This panel got all riled up and that is a good thing, barbs were traded and the audience was often willing to go for the throat. I wish the audience at CAA would do this more often. It is a crime that we can sit through often confusing, jargon laden presentations only to abscond for coffee. At one point in the L.A. panel, Shana Nys Dambrot just threw it out there — Hockney is phoning it in, he is a bad painter, she never got it. I don’t agree and neither did Betty Ann Brown of Cal Sate Northridge, but it was refreshing to see Shana launch it. I admired the candor of this panel, I loved that Peter Frank said, “The worst thing a critic can do is ignore a show.” It’s true. It’s good to hear things that are true.

In the panel, there was a great deal of talk about writing ethics, about the distinction between magazine people and academics, and how a critic takes their individual approach.  I liked what Andrew Berardini said when he mentioned that he is looking for something larger than himself and that he has to deal with the fact that he wants certain work to live on and inform the future and other things to go away — actually he quoted an artist that said that when we judge a show, we should bascially think about the show as if it were found by a civilization in the distant future. Is this us, is this what we want to leave the world? True again.

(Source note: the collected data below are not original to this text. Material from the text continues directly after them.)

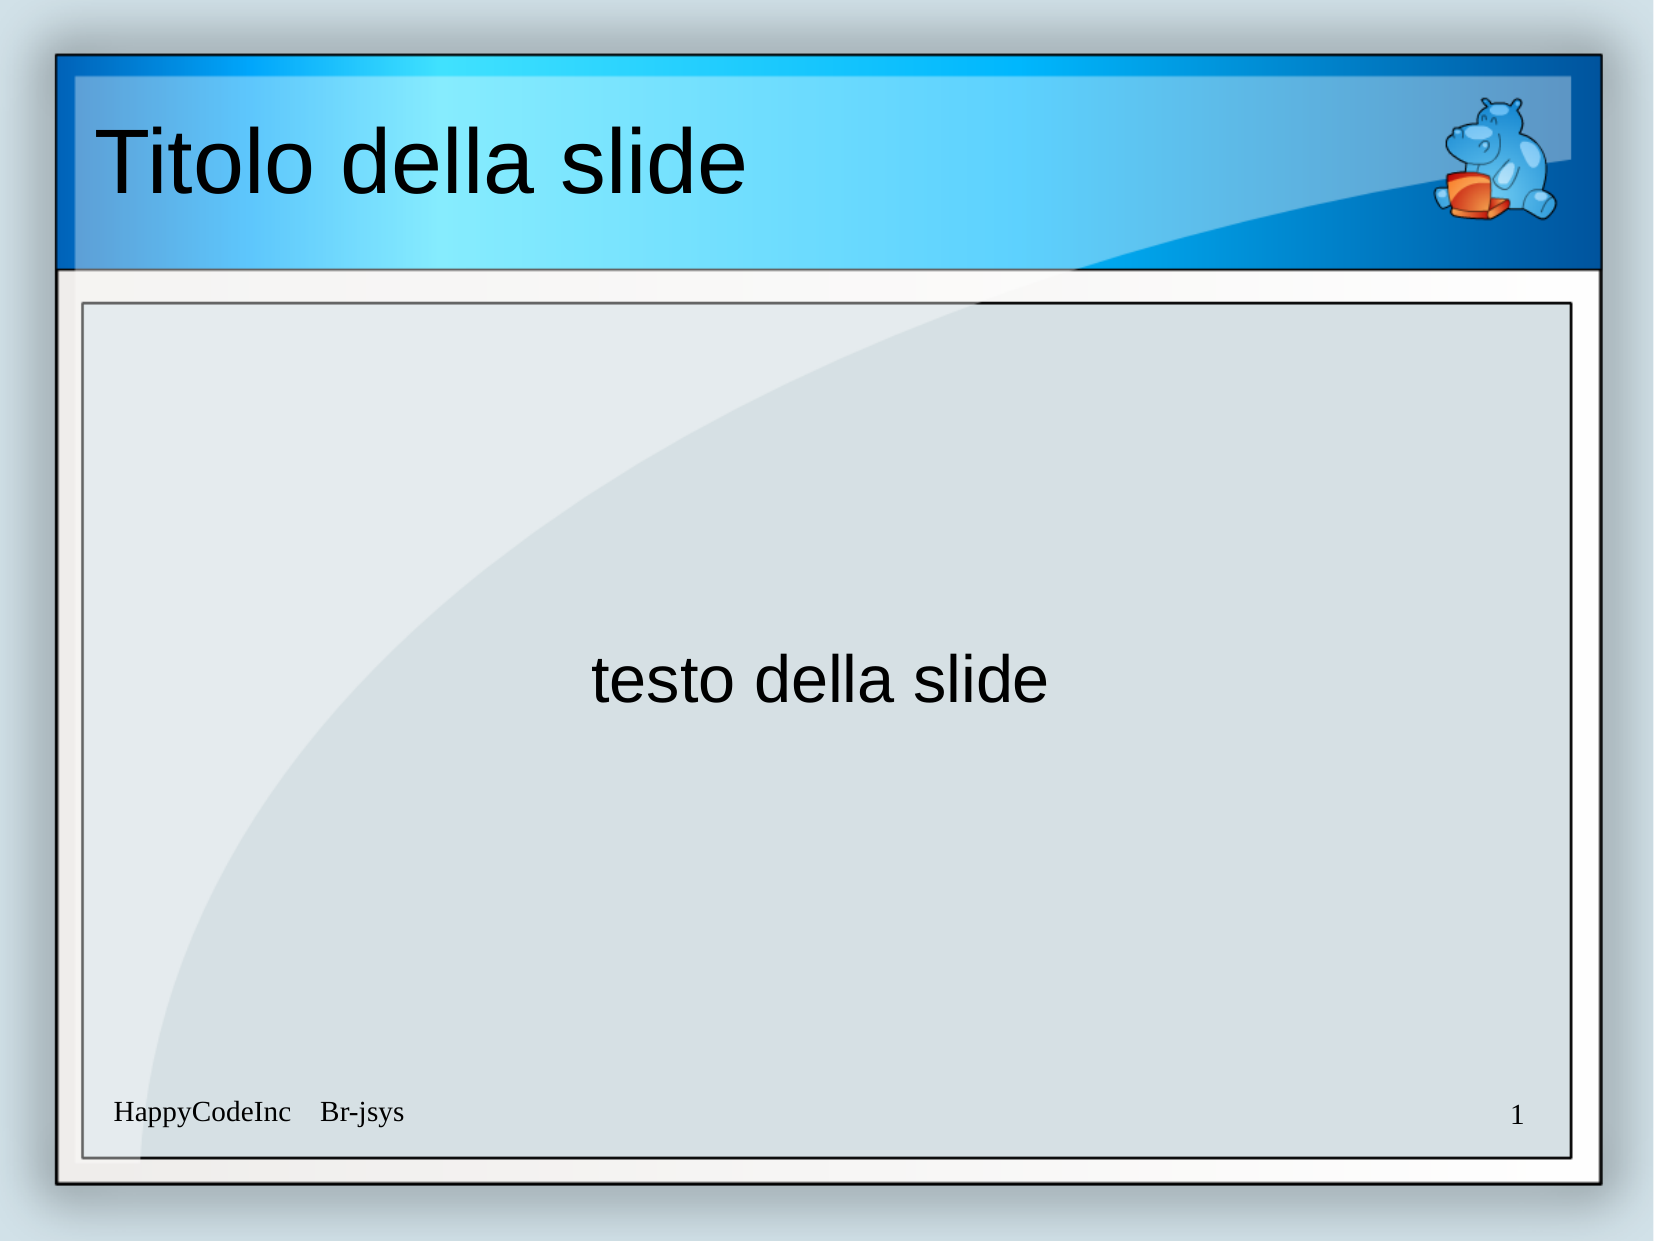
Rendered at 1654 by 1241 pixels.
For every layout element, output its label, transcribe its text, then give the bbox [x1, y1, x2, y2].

title Titolo della slide [59, 58, 1388, 266]
picture [0, 0, 1654, 1241]
subtitle testo della slide [76, 295, 1565, 1064]
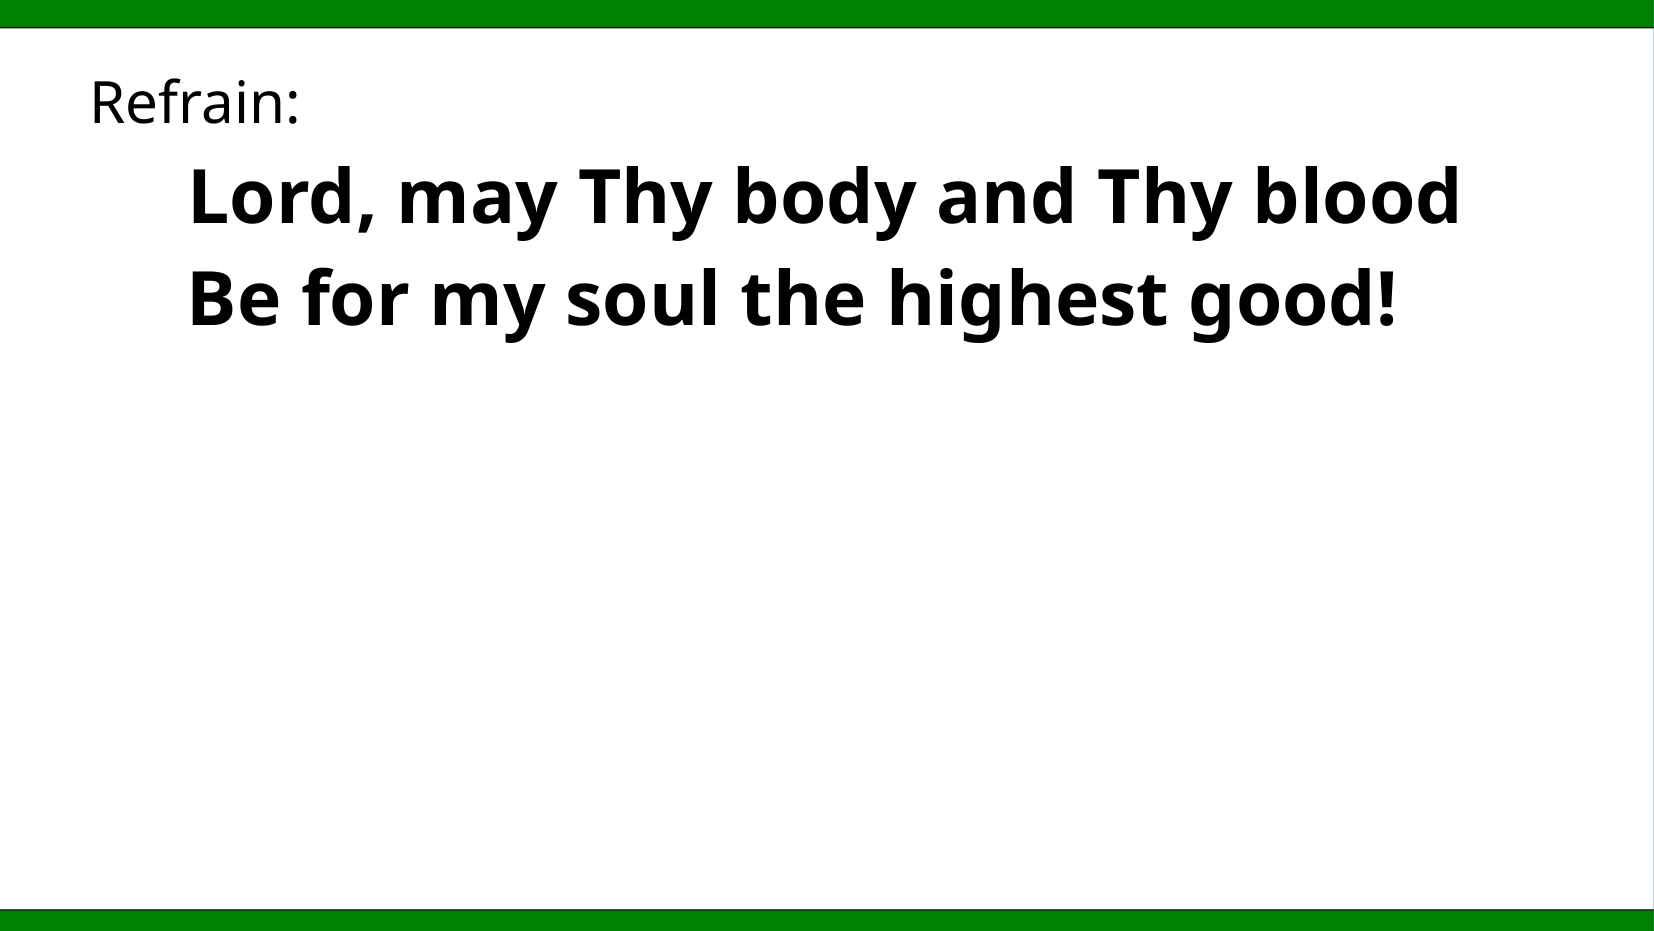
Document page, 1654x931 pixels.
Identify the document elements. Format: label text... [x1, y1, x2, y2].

text_box Refrain: Lord, may Thy body and Thy blood Be for my soul the highest good! [75, 45, 1591, 349]
picture [0, 0, 1654, 931]
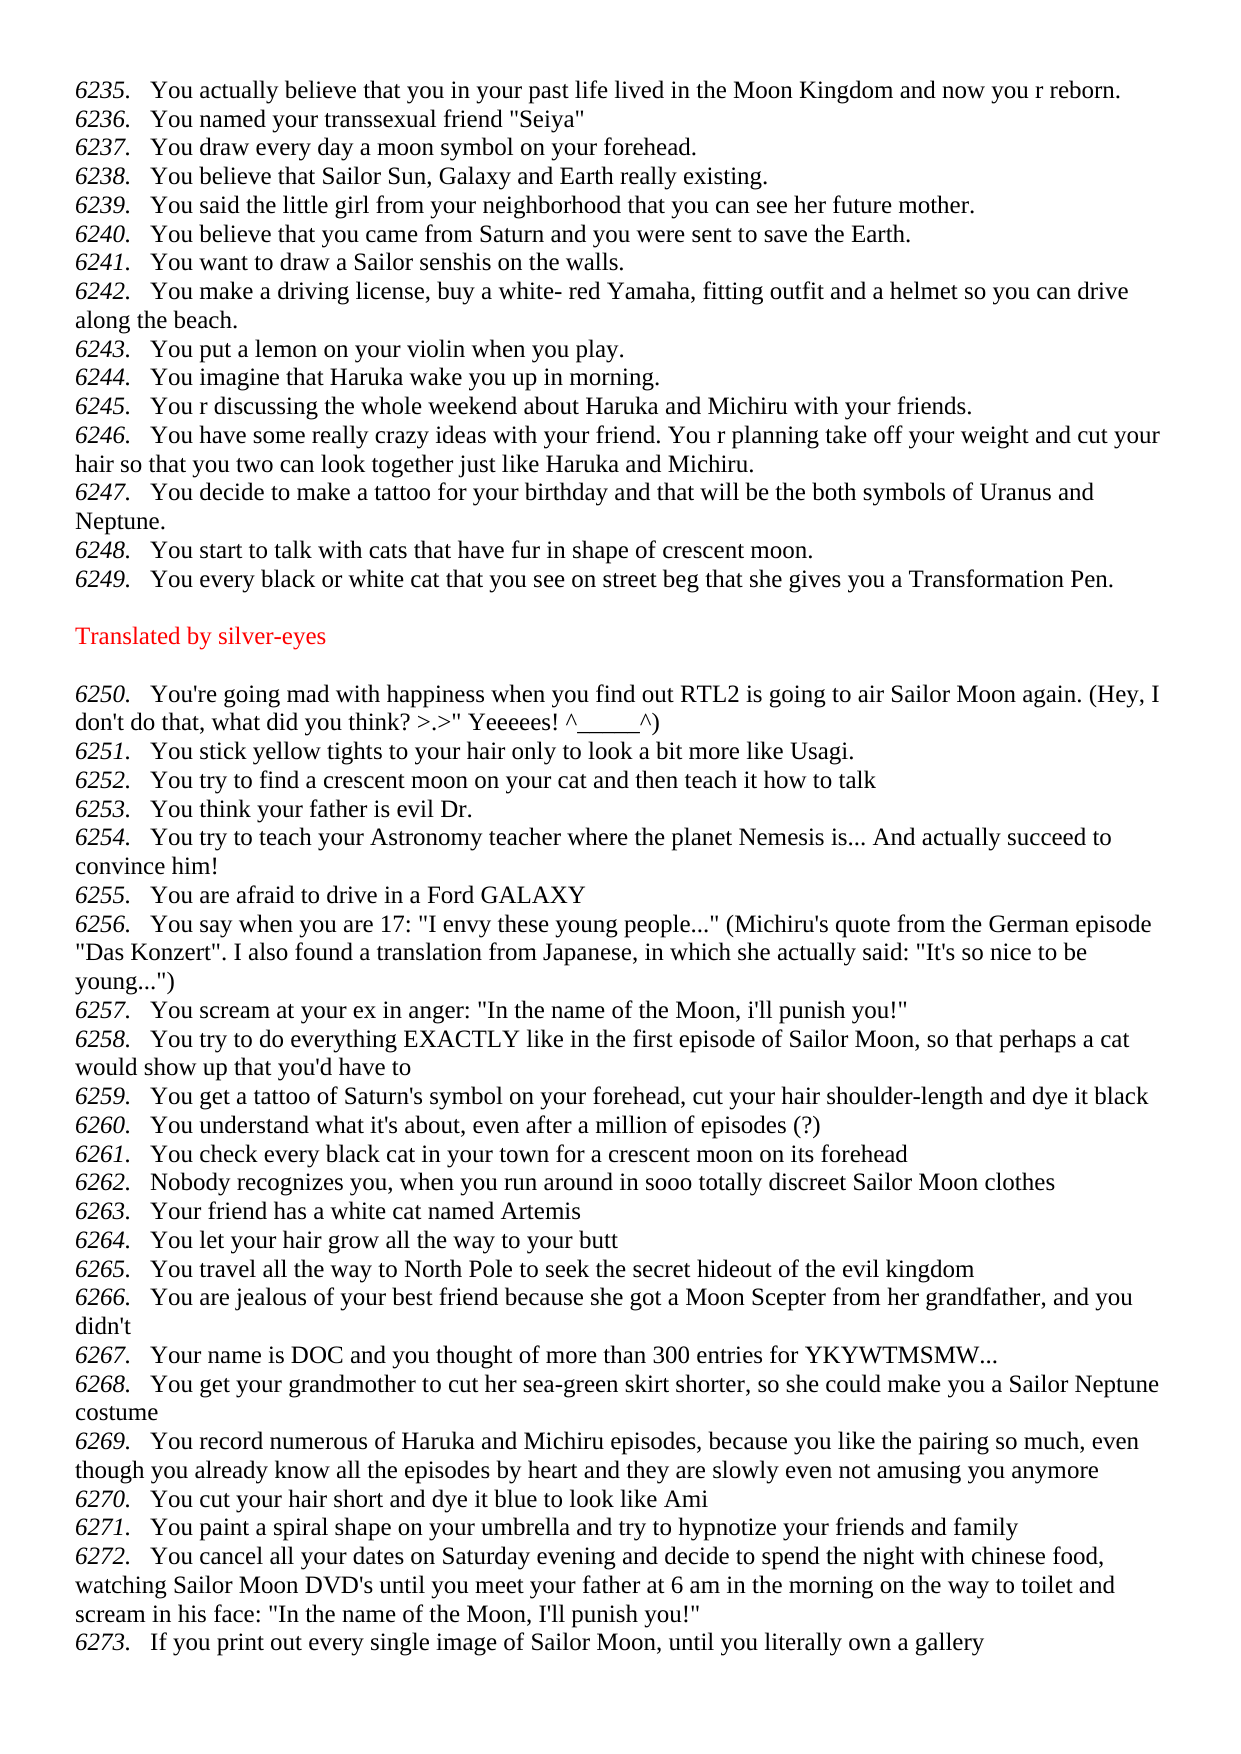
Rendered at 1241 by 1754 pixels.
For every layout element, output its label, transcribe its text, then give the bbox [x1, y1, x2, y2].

list You cut your hair short and dye it blue to look like Ami [75, 1484, 1165, 1512]
list You believe that Sailor Sun, Galaxy and Earth really existing. [75, 161, 1165, 190]
list You say when you are 17: "I envy these young people..." (Michiru's quote from the German episode "Das Konzert". I also found a translation from Japanese, in which she actually said: "It's so nice to be young...") [75, 909, 1165, 995]
list You every black or white cat that you see on street beg that she gives you a Transformation Pen. [75, 564, 1165, 621]
list You put a lemon on your violin when you play. [75, 334, 1165, 362]
list You record numerous of Haruka and Michiru episodes, because you like the pairing so much, even though you already know all the episodes by heart and they are slowly even not amusing you anymore [75, 1426, 1165, 1484]
list You start to talk with cats that have fur in shape of crescent moon. [75, 535, 1165, 564]
list If you print out every single image of Sailor Moon, until you literally own a gallery [75, 1627, 1165, 1656]
list You are afraid to drive in a Ford GALAXY [75, 880, 1165, 909]
list You are jealous of your best friend because she got a Moon Scepter from her grandfather, and you didn't [75, 1282, 1165, 1340]
list You believe that you came from Saturn and you were sent to save the Earth. [75, 219, 1165, 247]
list You stick yellow tights to your hair only to look a bit more like Usagi. [75, 736, 1165, 765]
list You scream at your ex in anger: "In the name of the Moon, i'll punish you!" [75, 995, 1165, 1024]
list You try to find a crescent moon on your cat and then teach it how to talk [75, 765, 1165, 794]
list You actually believe that you in your past life lived in the Moon Kingdom and now you r reborn. [75, 75, 1165, 104]
list You get a tattoo of Saturn's symbol on your forehead, cut your hair shoulder-length and dye it black [75, 1081, 1165, 1110]
list You travel all the way to North Pole to seek the secret hideout of the evil kingdom [75, 1254, 1165, 1282]
list Your name is DOC and you thought of more than 300 entries for YKYWTMSMW... [75, 1340, 1165, 1369]
list Your friend has a white cat named Artemis [75, 1196, 1165, 1225]
list You decide to make a tattoo for your birthday and that will be the both symbols of Uranus and Neptune. [75, 477, 1165, 535]
list You draw every day a moon symbol on your forehead. [75, 132, 1165, 161]
list You cancel all your dates on Saturday evening and decide to spend the night with chinese food, watching Sailor Moon DVD's until you meet your father at 6 am in the morning on the way to toilet and scream in his face: "In the name of the Moon, I'll punish you!" [75, 1541, 1165, 1627]
list You try to do everything EXACTLY like in the first episode of Sailor Moon, so that perhaps a cat would show up that you'd have to [75, 1024, 1165, 1081]
list You said the little girl from your neighborhood that you can see her future mother. [75, 190, 1165, 219]
list You imagine that Haruka wake you up in morning. [75, 362, 1165, 391]
list You check every black cat in your town for a crescent moon on its forehead [75, 1139, 1165, 1167]
list You named your transsexual friend "Seiya" [75, 104, 1165, 132]
list You understand what it's about, even after a million of episodes (?) [75, 1110, 1165, 1139]
list You try to teach your Astronomy teacher where the planet Nemesis is... And actually succeed to convince him! [75, 822, 1165, 880]
list You want to draw a Sailor senshis on the walls. [75, 247, 1165, 276]
list Nobody recognizes you, when you run around in sooo totally discreet Sailor Moon clothes [75, 1167, 1165, 1196]
list You have some really crazy ideas with your friend. You r planning take off your weight and cut your hair so that you two can look together just like Haruka and Michiru. [75, 420, 1165, 477]
list You r discussing the whole weekend about Haruka and Michiru with your friends. [75, 391, 1165, 420]
list You think your father is evil Dr. [75, 794, 1165, 822]
list You let your hair grow all the way to your butt [75, 1225, 1165, 1254]
list You get your grandmother to cut her sea-green skirt shorter, so she could make you a Sailor Neptune costume [75, 1369, 1165, 1426]
list You make a driving license, buy a white- red Yamaha, fitting outfit and a helmet so you can drive along the beach. [75, 276, 1165, 334]
list Translated by silver-eyes [75, 621, 1165, 679]
list You're going mad with happiness when you find out RTL2 is going to air Sailor Moon again. (Hey, I don't do that, what did you think? >.>" Yeeeees! ^_____^) [75, 679, 1165, 736]
list You paint a spiral shape on your umbrella and try to hypnotize your friends and family [75, 1512, 1165, 1541]
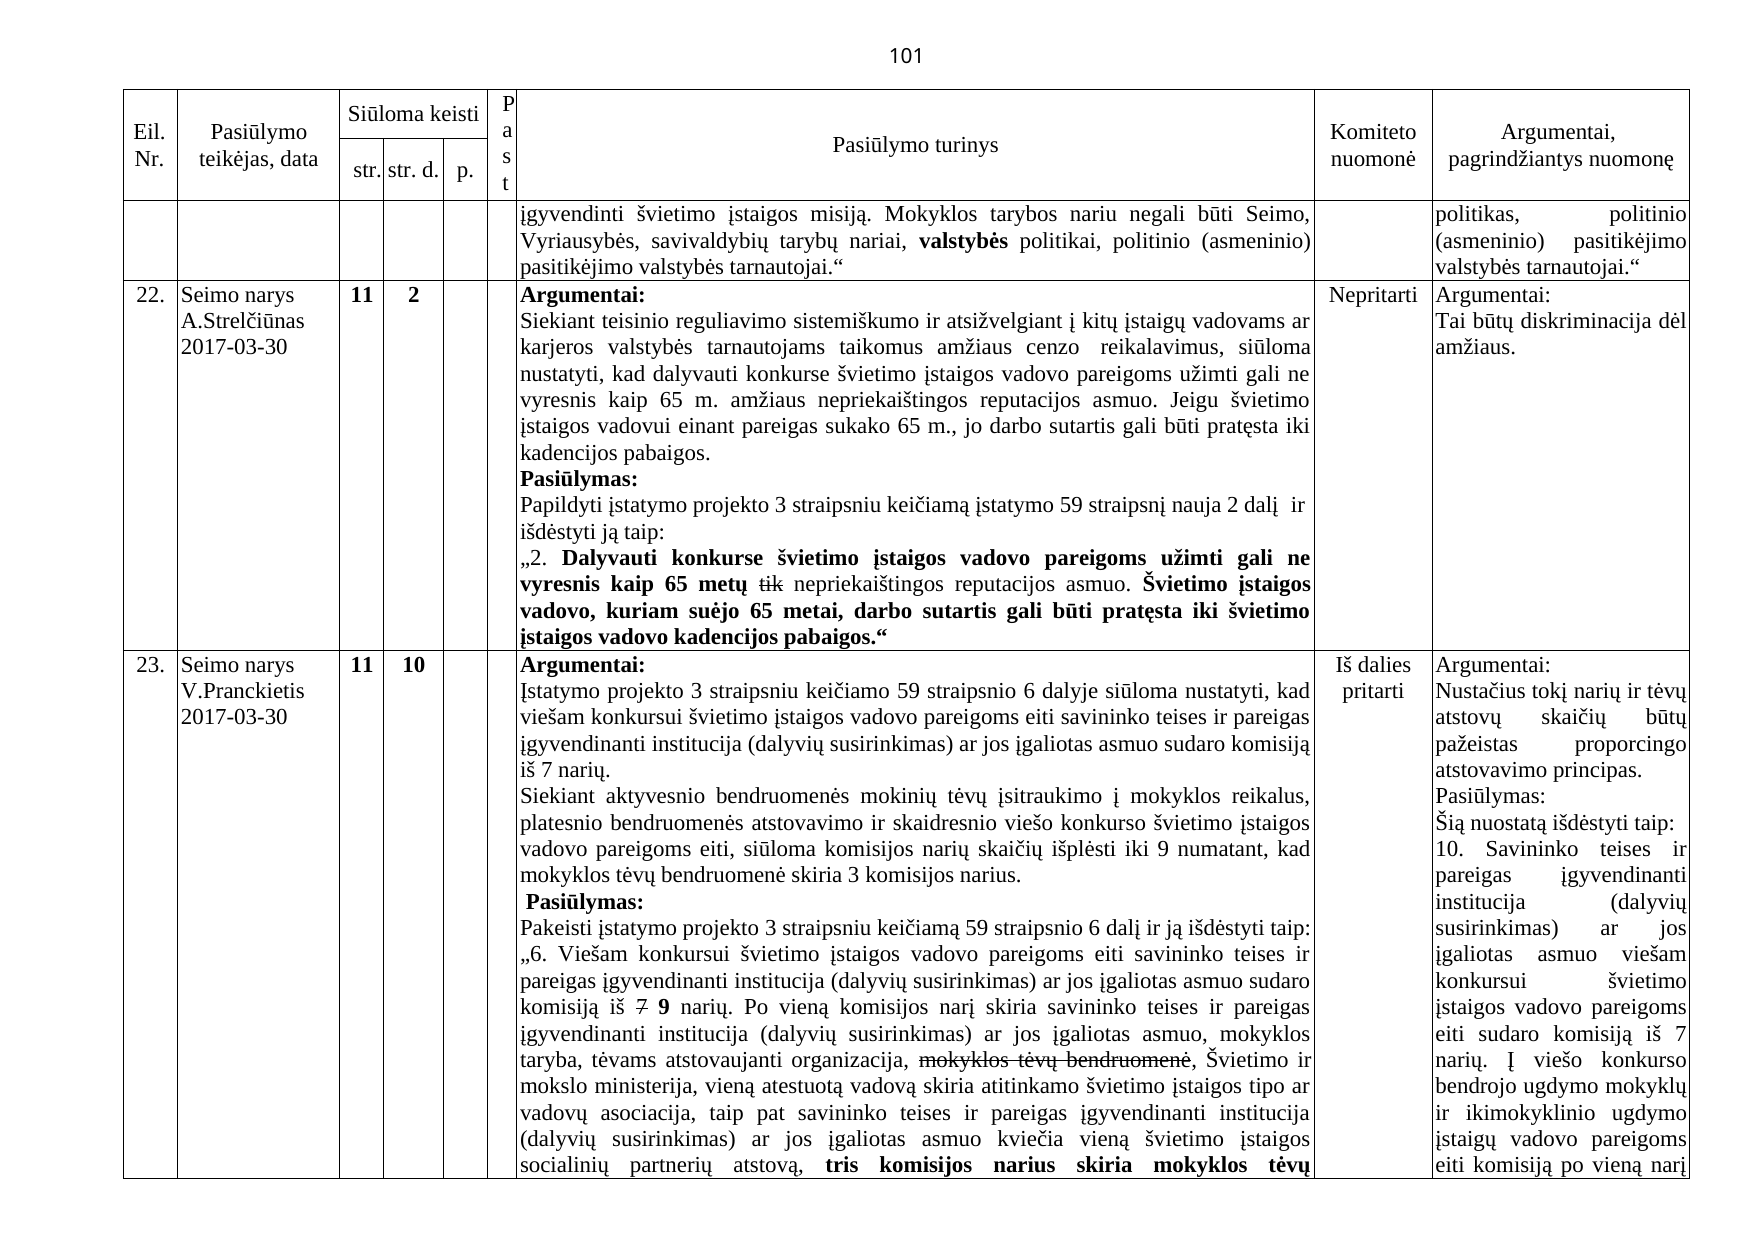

Another theme that emerged was the time honored idea, usually by people from other places, is that L.A. is not a major art center, that only now is it becoming one. The panelists, of course knowing that L.A. is a major place and has been for thirty years, said exactly that. I would add, though, that the people holding such thoughts need to take a long look at their assumptions and what they hold to be true about art and the people that make it. It’s all around you, CAA visitors. We have hundreds of galleries, some of the top galleries in the world — they are great, you should visit, I’ll drive you.